A curious juxtaposition over the past five years has been that despite all the political and economic turbulence around the world, banks and borrowers have been sailing along as if they were in relatively calm waters, at least as far as delinquency rates are concerned. Whether it’s home loans, consumer loans, business loans, or credit cards, the portions of each that were past due or in collections hit multi-decade lows from 2020-2023.
Why? A portion of it was just the math. Many of these loans carried low interest rates from 2020-2022 when the Federal Reserve had ratcheted rates down as part of an effort to prop up the economy; people can afford their monthly loan payments more easily if the interest rate is, say, 4% versus 8%. Foreclosure moratoriums by the government and forbearance initiatives by banks to allow borrowers to defer payments during the worst months of the pandemic undoubtedly helped get people through particularly tough times, as well.
There was also just a large amount of government stimulus and various forms of support floating through the system for several years. This included pandemic relief payments to individual Americans and families, but also massive amounts of relief for businesses including PPP loans and various other governmental support.

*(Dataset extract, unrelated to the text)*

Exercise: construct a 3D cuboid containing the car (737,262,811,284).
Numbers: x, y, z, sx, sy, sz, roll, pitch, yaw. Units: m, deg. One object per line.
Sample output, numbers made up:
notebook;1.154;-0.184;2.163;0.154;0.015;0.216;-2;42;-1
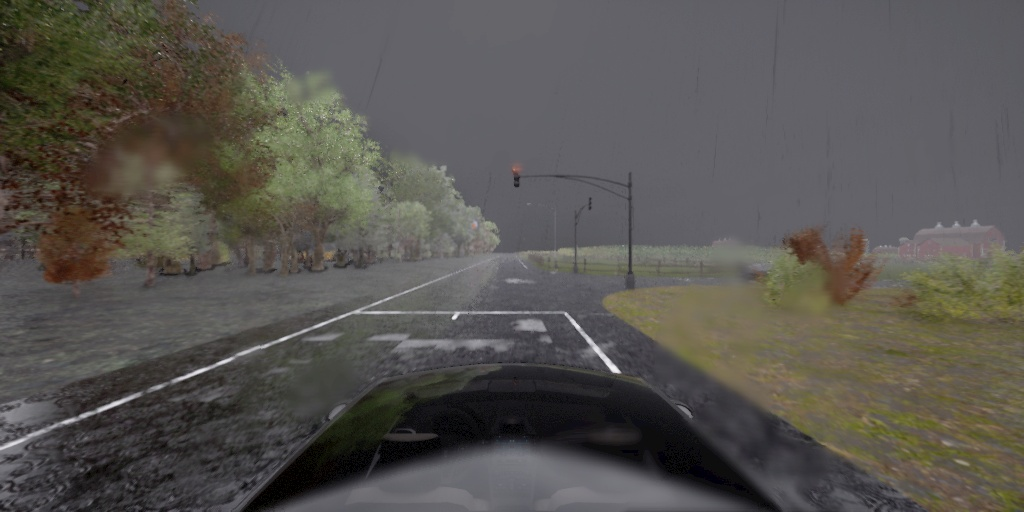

Lastly, although Americans have struggled with inflation, the unemployment rate has been very low, and when people are working, they are more likely to be able to keep with their loan payments. A strong labor market has helped borrowers keep up.
What Now?
While delinquency rates are still low relative to previous eras, they have recently started to rise. Consider the following:
Credit cards: delinquencies bottomed out at 1.53% in Q1 of 2021 and have risen to 3.08%, which is near a 12-year high.
Consumer loans: bottomed out at 1.52% in Q2 of 2022 and have risen to 2.75%, which is an actual 12-year high.
Commercial real estate loans: bottomed out at 0.63% in Q3 of 2022 and have risen to 1.57%, a 10-year high.
All business loans: bottomed out at 0.97% in Q1 of 2023 and have risen to 1.28%.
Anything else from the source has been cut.